Open 4meta5 opened 5 years ago

4meta5 commented 5 years ago

s-kademlia proposes requiring that the hash of a node's public key should have a certain number of trailing (or leading) zeros. This is intended to make it difficult for nodes to generate many NodeIds and sybil attack the network, but, as discussed in the #3 and #7 , this isn't effective.

A static puzzle might look like:

    pub fn hard_generate(difficulty: usize) -> NodeId {
        loop {
            let new_id = NodeId::generate();
            let mut success = true;
            // default leading zeros
            for i in 0..difficulty {
                if new_id.discohash.get(i).unwrap() != &0u8 {
                    success = false;
                }
            }
            if success {
                return new_id;
            }
        }
    }

I've discussed what I don't like about this at length in the open pr(7); here are some of the main points

If we're just hashing public keys, then I can have a few machines doing that all the time to generate a set of public keys for which the respective hash maintains the requisite number of trailing zeros.
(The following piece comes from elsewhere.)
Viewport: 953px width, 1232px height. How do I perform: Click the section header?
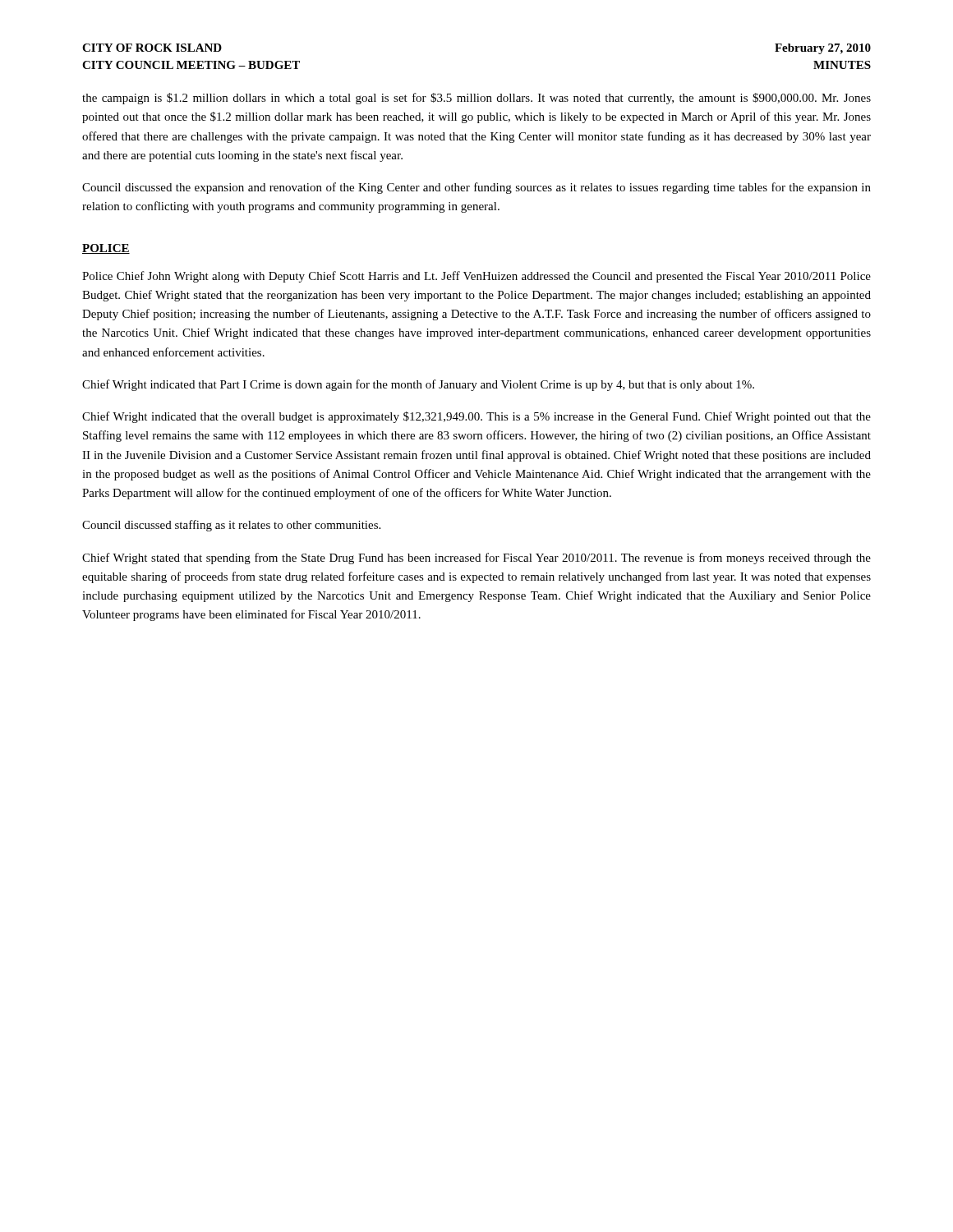(x=106, y=248)

Then, I can just sybil attack the network with the pre-generated set of public keys whenever I want.

Let's assume that it is provably difficult via benchmarking or hardware testing. This just means that normal nodes won't be able to generate a new NodeId in a reasonable amount of time and, if the puzzle is hard enough, it will restrict the network to the nodes that have the compute power to generate sets of keys and whoever they want to share their pre-generated keys with.

The proposed solution encourages hashing shared state that changes over time. This would require consensus, but that consensus need not be built on this DHT. If we treat the blockchain as primitive, then we can use it to limit NodeId generation -- it is possible to set rules on-chain to enforce a limited number of new members within a certain number of blocks. One method for issuing new membership could bias these decisions to existing members, see next comment (but this is not the only approach I have in mind)

I'm leaning towards using the blockchain to limit the number of nodes joining. The existing membership set might be tracked on-chain. Each member might be endowed with the ability to sponsor a quota number of new members every JoinPeriod: BlockNumber.

@troublescooter thoughts?

troublescooter commented 5 years ago

I'm not opposed to experimentation, but think rough specifications are a laudable goal to scout where we're heading. Another dht called Pastry was partially proven correct in TLA https://hal.inria.fr/hal-00768812/file/paper.pdf

I think this is the route we should be taking, and leave Sybil-resistance to be a bridge to be crossed when necessary. Afaik there's no significant coupling with the rest of the system that would invalidate a specification for the rest.